Stored data

□ □ □ □ □

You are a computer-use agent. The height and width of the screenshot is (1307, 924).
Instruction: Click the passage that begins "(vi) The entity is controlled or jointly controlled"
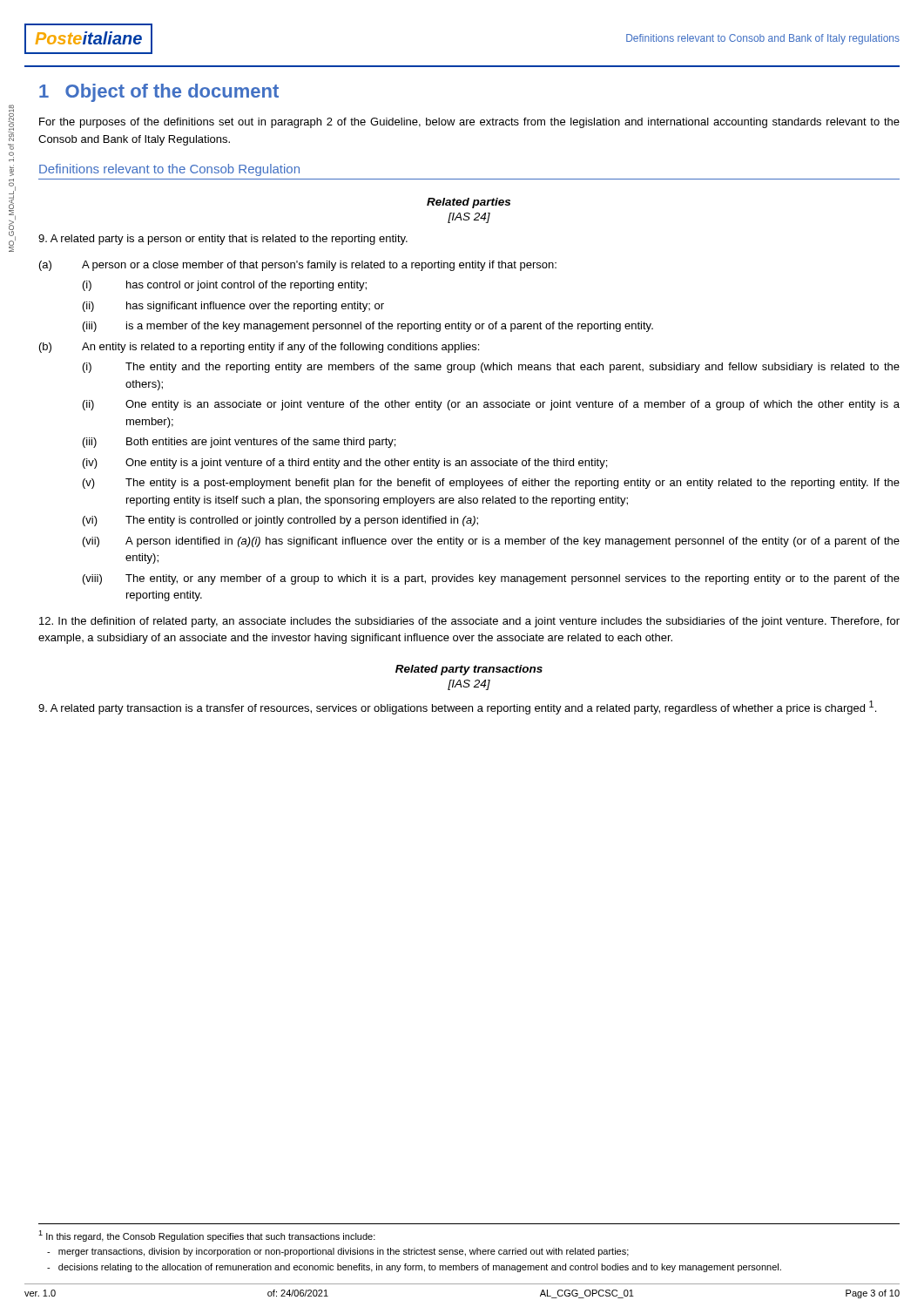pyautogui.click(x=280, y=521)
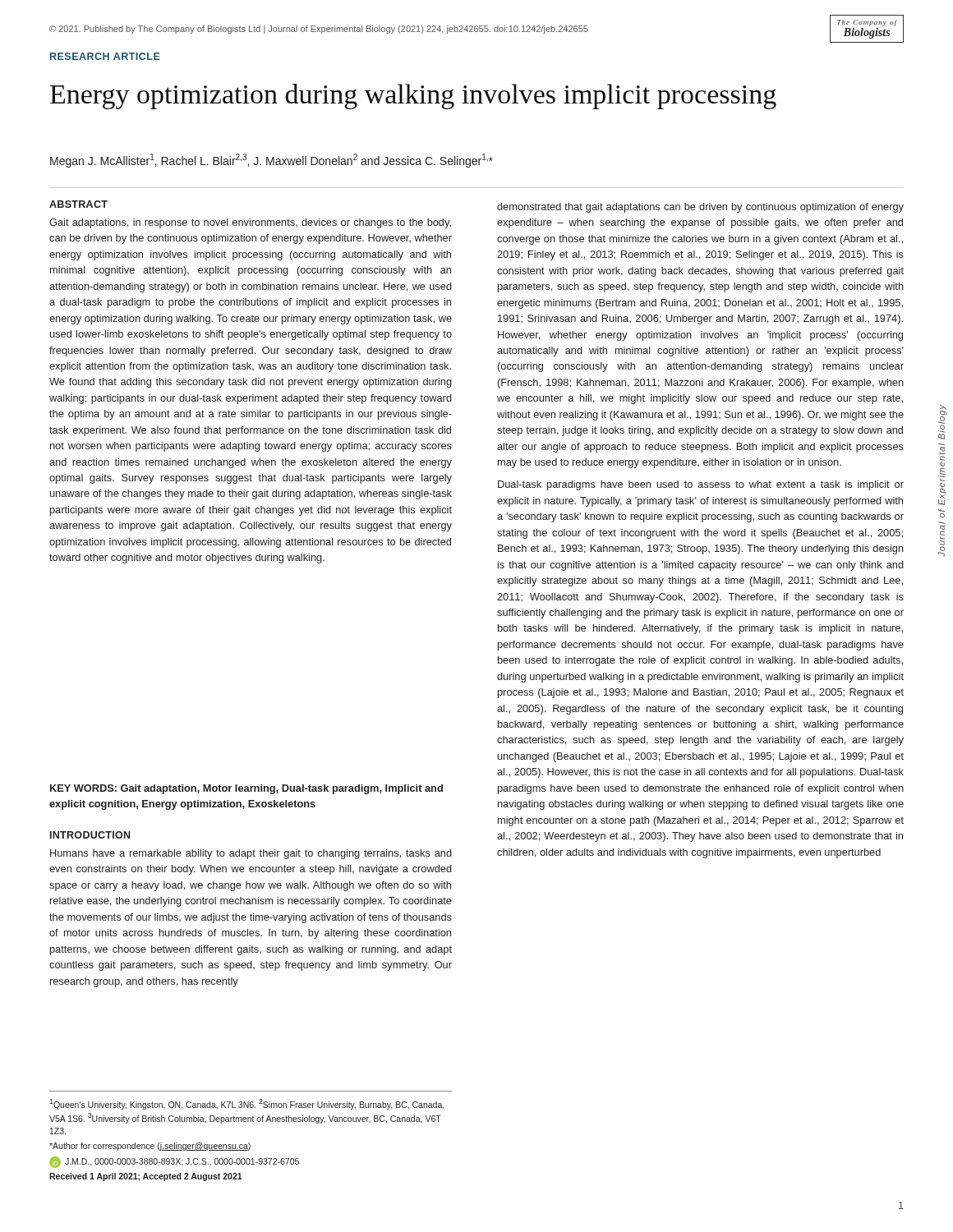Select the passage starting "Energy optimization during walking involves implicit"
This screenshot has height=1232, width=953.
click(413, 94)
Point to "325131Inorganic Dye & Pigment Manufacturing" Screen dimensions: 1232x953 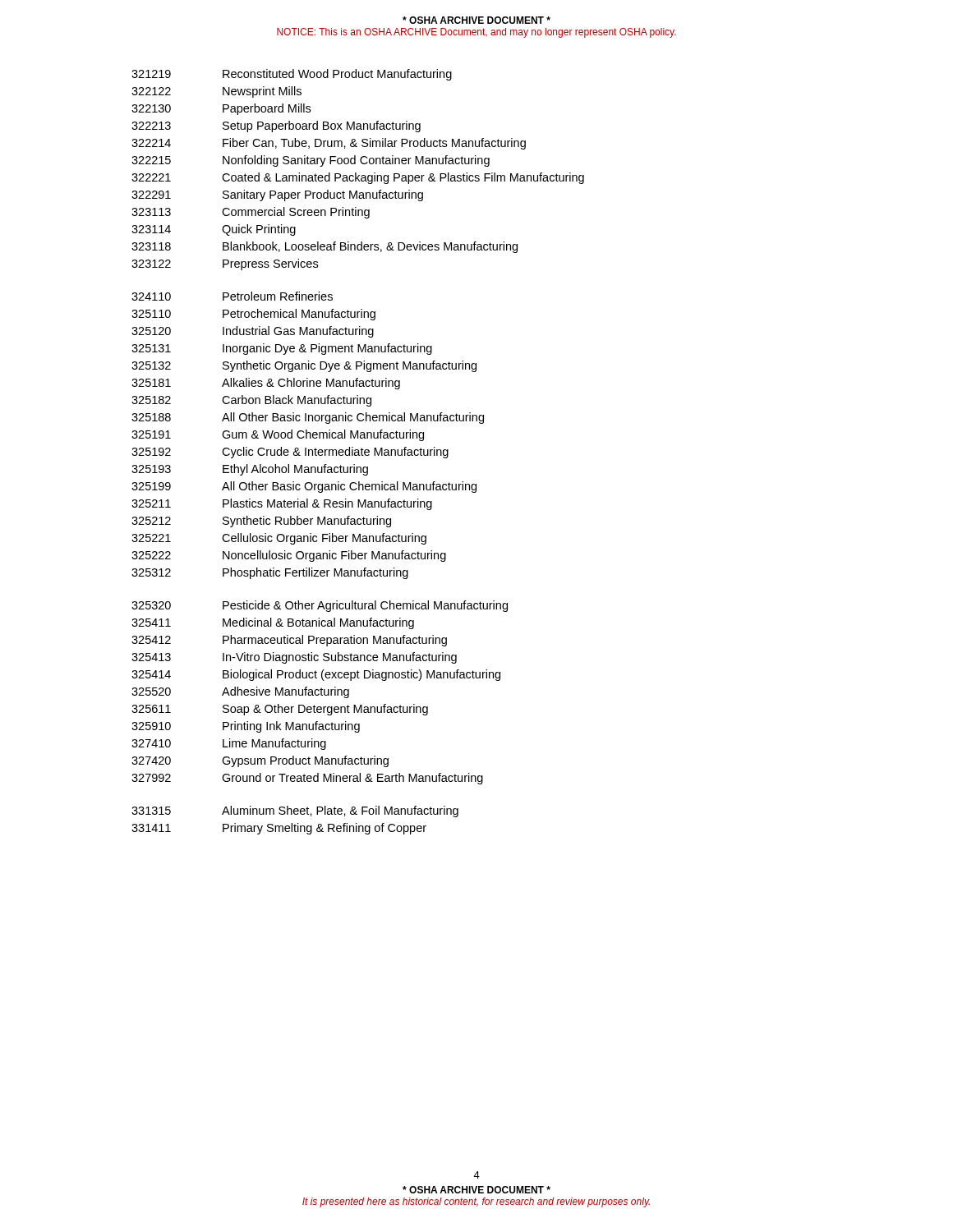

□ □ □ □ □

Task goal: Output each entry shown above exactly as it stands, with all pictures removed.

Task solution:
You are a computer-use agent. The height and width of the screenshot is (1307, 924).
Instruction: Click the passage that begins "(vi) The entity is controlled or jointly controlled"
pyautogui.click(x=280, y=521)
Select the passage starting "Energy optimization during walking involves implicit"
This screenshot has height=1232, width=953.
click(413, 94)
Point to "325131Inorganic Dye & Pigment Manufacturing" Screen dimensions: 1232x953 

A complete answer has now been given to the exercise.